RECORDS FOR THE EXERCISE
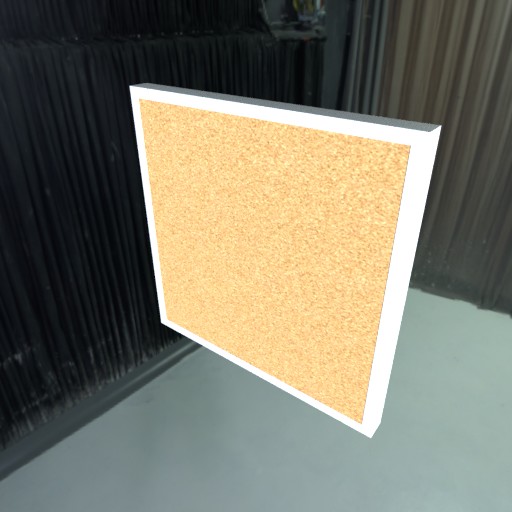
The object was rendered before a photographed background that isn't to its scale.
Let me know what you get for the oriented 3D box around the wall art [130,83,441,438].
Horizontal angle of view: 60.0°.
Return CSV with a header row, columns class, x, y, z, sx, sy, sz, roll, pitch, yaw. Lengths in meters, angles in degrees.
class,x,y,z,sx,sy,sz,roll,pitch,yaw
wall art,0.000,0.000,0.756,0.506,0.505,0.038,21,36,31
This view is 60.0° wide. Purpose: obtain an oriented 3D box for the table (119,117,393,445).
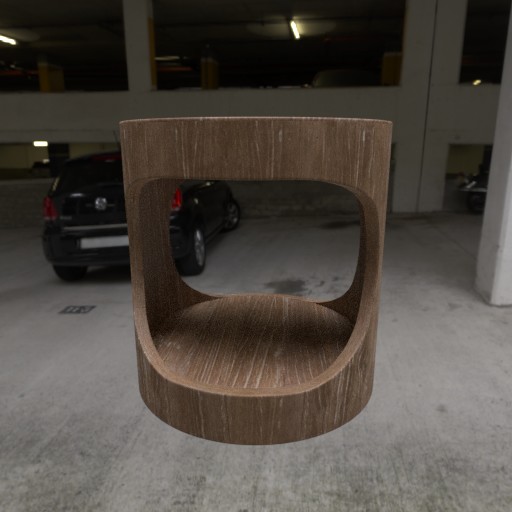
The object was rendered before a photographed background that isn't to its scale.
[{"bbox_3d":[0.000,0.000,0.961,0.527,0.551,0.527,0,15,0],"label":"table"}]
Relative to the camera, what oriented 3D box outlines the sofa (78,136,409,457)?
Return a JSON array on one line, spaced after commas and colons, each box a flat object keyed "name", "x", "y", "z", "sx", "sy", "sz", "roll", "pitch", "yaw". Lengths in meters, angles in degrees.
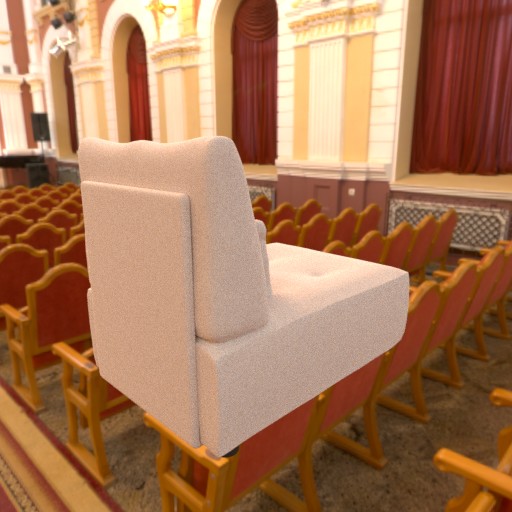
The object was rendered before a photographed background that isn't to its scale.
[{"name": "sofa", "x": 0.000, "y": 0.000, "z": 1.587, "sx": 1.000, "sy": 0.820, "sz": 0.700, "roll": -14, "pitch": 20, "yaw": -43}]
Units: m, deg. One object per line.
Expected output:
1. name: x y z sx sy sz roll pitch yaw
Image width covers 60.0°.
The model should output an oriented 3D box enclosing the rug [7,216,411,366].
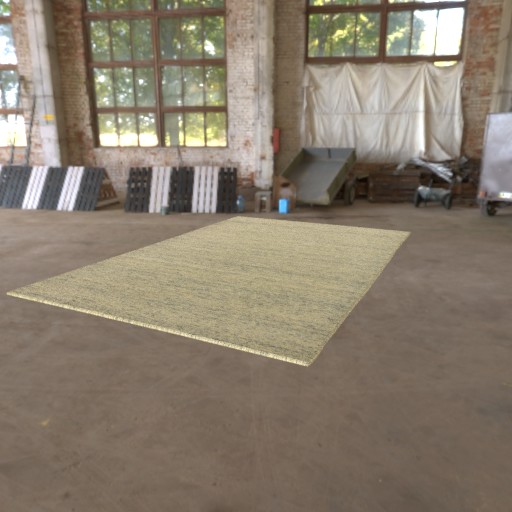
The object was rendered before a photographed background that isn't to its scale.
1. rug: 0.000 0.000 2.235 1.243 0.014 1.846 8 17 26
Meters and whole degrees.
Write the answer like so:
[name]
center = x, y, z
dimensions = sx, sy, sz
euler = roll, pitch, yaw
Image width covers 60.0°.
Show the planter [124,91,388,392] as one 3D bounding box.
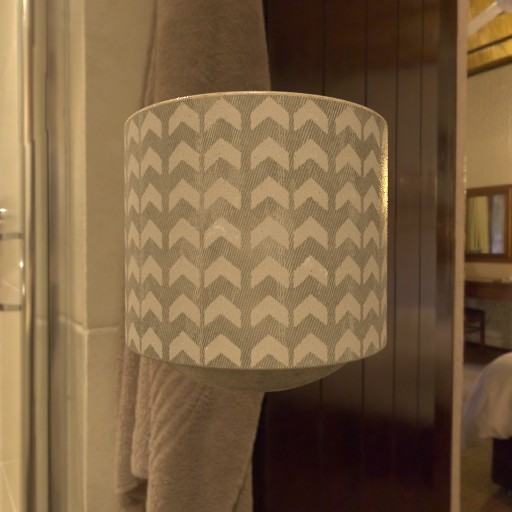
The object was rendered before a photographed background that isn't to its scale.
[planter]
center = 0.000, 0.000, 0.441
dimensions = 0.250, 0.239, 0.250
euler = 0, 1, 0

* * *

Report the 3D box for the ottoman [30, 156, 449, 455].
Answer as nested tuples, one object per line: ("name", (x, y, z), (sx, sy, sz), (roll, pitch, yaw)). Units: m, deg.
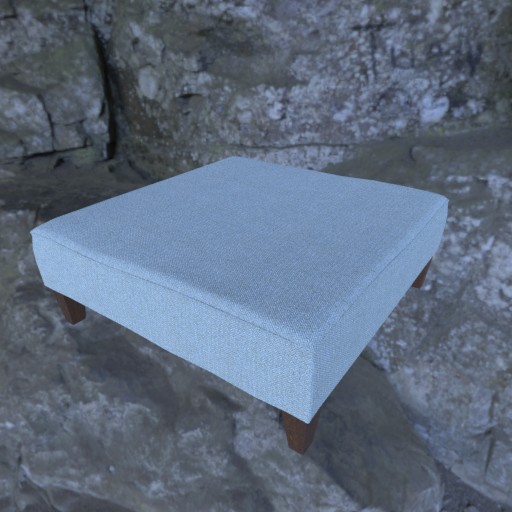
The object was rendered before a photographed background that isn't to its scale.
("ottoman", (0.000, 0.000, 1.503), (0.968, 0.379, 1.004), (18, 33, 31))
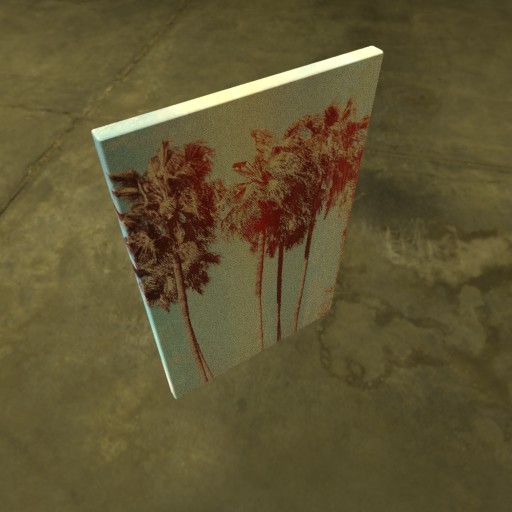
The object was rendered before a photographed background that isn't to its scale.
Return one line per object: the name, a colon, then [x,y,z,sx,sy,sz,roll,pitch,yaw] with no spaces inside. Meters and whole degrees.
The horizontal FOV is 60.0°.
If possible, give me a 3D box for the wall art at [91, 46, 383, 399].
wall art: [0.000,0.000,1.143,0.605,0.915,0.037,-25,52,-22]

WHAT IS NEEDED
From the entries above, extract each line containing "view".

WRITTEN SOLUTION
Horizontal angle of view: 60.0°.
This view is 60.0° wide. Purpose: obtain an oriented 3D box for the table (119,117,393,445).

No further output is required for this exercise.